- Location of Barrington Head, Nova Scotia
- Coordinates: 43°34′06″N 65°34′38″W﻿ / ﻿43.568333°N 65.577222°W
- Country: Canada
- Province: Nova Scotia
- County: Shelburne
- Municipal district: Barrington
- Time zone: UTC-4 (AST)
- • Summer (DST): UTC-3 (ADT)
- Postal code(s): B0W 1E0
- Area code: 902
- Access Routes: Trunk 3

= Barrington Head, Nova Scotia =

Barrington Head is a locality in the Canadian province of Nova Scotia, located in the Municipality of the District of Barrington of Shelburne County.

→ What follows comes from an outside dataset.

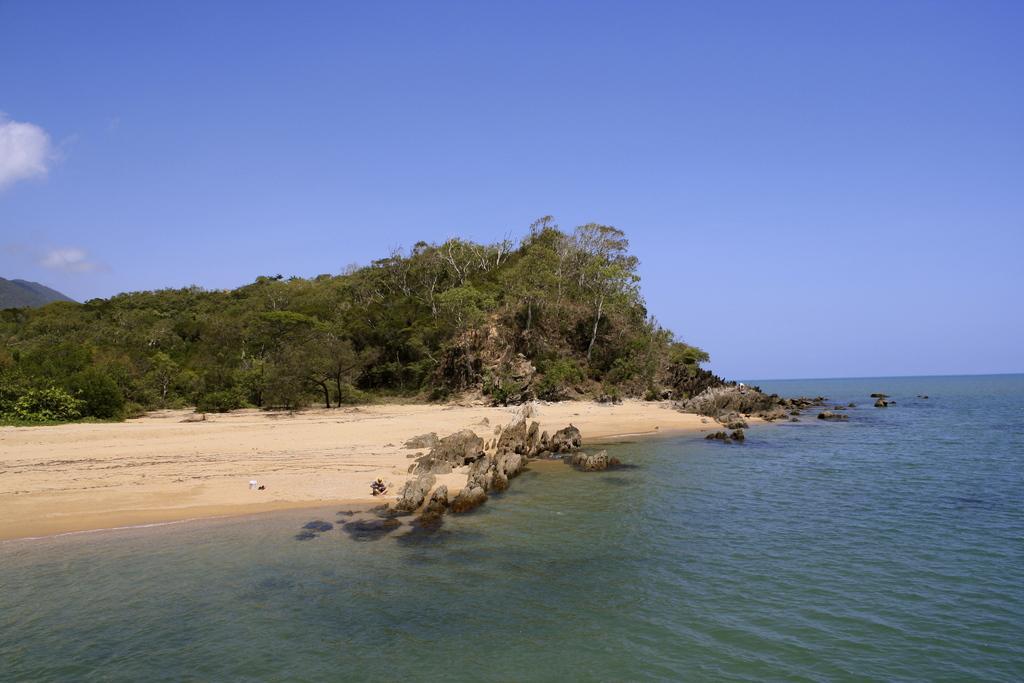Can you describe this image briefly? At the bottom we can see water,rocks and sand. In the background we can see trees,mountains on the left side and clouds in the sky.

Originally a community, it was amalgamated with the community of Barrington in 2006.

It refers to a general geographic area consisting of the region to the east of the head of the Barrington River (which flows into Barrington Bay), Route 3, to approximately the Hibbard's Brook bridges, one near the Barrington Municipal Exhibition Grounds on Route 3, and one other being on Route 309, on the Villagedale Road. Barrington Head was once home to Swim's General Store, and contains the Kenney Shell Station, the United Church, Barrington Exhibition Grounds, 7E Volunteer Fire Department, and the Goodwill Club of Barrington.

Forest Ridge Academy (elementary school) is in the area, as well as the Dept. of Highways building.